## Exercise details
Each line of the data that includes the string "ezdxf" is to be copied out.

Data records:
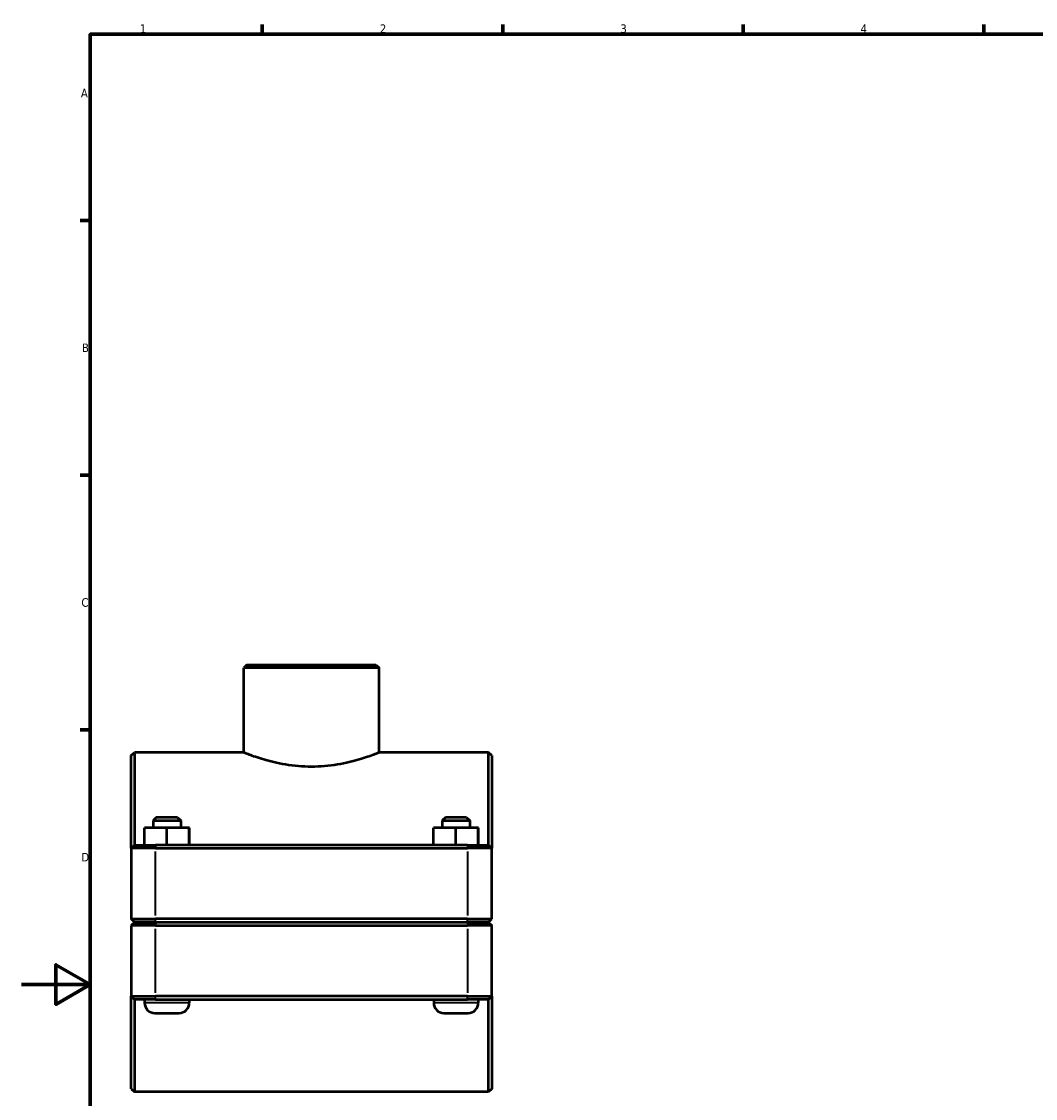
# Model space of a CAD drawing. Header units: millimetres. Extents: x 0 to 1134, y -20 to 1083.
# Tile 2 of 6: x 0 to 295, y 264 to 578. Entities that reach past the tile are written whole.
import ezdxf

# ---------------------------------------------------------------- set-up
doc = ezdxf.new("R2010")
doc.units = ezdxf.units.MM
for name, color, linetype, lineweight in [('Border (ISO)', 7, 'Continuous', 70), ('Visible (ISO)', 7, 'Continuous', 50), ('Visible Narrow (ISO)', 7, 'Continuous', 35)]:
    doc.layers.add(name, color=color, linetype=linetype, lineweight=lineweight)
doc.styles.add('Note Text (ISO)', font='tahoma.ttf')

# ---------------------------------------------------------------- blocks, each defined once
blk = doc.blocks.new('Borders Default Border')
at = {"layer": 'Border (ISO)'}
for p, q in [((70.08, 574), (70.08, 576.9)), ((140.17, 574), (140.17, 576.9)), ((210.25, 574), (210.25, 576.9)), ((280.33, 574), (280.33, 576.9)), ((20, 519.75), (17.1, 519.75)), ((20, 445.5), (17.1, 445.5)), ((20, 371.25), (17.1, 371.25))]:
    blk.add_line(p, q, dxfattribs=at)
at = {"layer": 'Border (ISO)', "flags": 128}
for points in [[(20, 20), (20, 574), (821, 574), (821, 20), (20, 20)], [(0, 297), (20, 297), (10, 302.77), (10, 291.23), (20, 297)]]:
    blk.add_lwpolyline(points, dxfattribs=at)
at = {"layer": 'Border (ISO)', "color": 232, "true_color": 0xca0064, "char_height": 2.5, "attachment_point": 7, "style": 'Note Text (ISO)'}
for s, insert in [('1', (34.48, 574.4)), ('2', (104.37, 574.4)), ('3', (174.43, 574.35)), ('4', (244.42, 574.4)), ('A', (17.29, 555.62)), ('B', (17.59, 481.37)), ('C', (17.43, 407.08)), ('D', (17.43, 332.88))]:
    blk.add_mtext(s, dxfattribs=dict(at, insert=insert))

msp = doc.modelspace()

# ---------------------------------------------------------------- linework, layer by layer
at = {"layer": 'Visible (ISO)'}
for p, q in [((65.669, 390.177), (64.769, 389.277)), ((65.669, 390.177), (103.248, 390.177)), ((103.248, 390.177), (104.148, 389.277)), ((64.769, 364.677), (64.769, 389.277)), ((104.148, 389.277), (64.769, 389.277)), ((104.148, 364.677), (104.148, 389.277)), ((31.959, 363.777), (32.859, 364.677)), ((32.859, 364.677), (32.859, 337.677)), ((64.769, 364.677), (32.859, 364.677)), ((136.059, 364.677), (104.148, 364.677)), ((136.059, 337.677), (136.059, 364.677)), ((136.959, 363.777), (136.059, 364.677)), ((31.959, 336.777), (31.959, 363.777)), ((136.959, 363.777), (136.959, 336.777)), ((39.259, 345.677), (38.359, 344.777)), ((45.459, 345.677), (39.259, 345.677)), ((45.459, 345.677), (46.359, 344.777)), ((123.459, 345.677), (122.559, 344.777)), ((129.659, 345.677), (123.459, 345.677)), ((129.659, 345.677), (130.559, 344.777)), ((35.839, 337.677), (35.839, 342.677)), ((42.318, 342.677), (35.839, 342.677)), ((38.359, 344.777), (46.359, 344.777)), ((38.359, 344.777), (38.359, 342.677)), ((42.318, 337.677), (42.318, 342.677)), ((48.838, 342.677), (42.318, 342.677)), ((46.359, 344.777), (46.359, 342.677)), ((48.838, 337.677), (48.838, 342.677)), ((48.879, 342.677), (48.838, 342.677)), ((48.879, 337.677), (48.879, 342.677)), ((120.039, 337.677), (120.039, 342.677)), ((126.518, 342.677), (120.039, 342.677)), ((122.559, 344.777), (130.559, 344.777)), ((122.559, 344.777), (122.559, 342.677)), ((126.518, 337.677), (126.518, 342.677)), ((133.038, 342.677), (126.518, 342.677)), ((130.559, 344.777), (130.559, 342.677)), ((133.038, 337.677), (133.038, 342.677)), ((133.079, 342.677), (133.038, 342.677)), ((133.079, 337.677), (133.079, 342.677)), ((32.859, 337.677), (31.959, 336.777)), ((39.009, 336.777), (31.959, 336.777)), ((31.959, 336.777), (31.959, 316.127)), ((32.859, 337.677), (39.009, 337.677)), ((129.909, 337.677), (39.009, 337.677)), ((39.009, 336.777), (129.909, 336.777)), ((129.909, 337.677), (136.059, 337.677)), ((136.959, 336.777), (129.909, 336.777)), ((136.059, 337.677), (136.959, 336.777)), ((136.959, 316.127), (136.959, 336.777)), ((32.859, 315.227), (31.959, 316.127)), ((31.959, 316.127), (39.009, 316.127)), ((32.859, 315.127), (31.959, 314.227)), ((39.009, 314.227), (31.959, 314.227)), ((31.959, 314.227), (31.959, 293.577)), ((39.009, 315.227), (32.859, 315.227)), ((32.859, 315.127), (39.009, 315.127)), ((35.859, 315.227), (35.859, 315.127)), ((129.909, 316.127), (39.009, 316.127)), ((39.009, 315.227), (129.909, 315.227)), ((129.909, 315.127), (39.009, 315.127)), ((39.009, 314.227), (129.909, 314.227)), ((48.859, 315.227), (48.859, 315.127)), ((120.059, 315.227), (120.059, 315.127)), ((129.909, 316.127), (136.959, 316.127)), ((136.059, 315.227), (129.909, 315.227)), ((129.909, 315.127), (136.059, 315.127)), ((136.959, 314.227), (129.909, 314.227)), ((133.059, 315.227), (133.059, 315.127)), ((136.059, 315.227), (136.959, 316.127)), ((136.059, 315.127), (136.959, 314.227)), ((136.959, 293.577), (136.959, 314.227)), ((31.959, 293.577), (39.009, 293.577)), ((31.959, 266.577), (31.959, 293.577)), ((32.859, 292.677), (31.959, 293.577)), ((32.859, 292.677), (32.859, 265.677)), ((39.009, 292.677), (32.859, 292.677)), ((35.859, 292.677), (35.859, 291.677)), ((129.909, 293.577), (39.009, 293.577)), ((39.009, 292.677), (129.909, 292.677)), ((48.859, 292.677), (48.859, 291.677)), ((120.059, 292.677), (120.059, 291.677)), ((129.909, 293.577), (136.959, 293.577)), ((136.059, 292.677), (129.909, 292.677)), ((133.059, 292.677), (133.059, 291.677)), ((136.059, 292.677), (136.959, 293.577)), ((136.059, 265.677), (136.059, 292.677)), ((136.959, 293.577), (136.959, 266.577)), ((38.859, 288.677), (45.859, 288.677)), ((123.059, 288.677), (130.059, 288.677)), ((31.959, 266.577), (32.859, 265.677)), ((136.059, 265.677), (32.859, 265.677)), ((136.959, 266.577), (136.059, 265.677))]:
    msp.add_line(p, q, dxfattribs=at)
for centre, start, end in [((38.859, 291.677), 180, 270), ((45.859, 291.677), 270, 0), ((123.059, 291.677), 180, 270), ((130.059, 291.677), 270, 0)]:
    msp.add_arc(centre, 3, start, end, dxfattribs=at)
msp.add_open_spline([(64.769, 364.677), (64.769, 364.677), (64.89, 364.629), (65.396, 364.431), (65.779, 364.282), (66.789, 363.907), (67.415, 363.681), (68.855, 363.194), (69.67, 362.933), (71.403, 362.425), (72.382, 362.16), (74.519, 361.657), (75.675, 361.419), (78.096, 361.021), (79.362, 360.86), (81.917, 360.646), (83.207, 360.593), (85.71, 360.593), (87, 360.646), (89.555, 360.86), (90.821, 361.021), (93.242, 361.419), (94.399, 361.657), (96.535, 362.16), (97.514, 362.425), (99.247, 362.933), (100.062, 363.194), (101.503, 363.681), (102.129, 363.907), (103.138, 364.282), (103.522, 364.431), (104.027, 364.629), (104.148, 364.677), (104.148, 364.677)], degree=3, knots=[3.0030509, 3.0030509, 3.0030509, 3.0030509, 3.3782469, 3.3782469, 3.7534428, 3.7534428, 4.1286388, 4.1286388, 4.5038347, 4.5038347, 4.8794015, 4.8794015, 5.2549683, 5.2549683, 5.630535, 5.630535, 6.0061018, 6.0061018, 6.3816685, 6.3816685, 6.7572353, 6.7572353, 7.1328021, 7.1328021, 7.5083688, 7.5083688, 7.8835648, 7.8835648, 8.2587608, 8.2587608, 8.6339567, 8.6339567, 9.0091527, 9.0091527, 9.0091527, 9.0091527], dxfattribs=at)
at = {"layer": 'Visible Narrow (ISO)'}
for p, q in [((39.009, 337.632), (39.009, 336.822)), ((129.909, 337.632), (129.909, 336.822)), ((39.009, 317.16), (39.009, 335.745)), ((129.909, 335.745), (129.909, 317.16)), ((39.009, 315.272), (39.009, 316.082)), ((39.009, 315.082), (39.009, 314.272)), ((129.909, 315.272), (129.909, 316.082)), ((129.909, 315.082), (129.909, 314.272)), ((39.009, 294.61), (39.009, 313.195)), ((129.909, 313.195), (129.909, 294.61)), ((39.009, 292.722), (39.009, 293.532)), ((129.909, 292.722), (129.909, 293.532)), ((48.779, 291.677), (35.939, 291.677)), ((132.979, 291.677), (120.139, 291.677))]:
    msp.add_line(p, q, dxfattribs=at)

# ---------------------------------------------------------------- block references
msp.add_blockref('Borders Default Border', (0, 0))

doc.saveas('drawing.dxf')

## Answer space
import ezdxf
doc = ezdxf.new("R2010")
doc.units = ezdxf.units.MM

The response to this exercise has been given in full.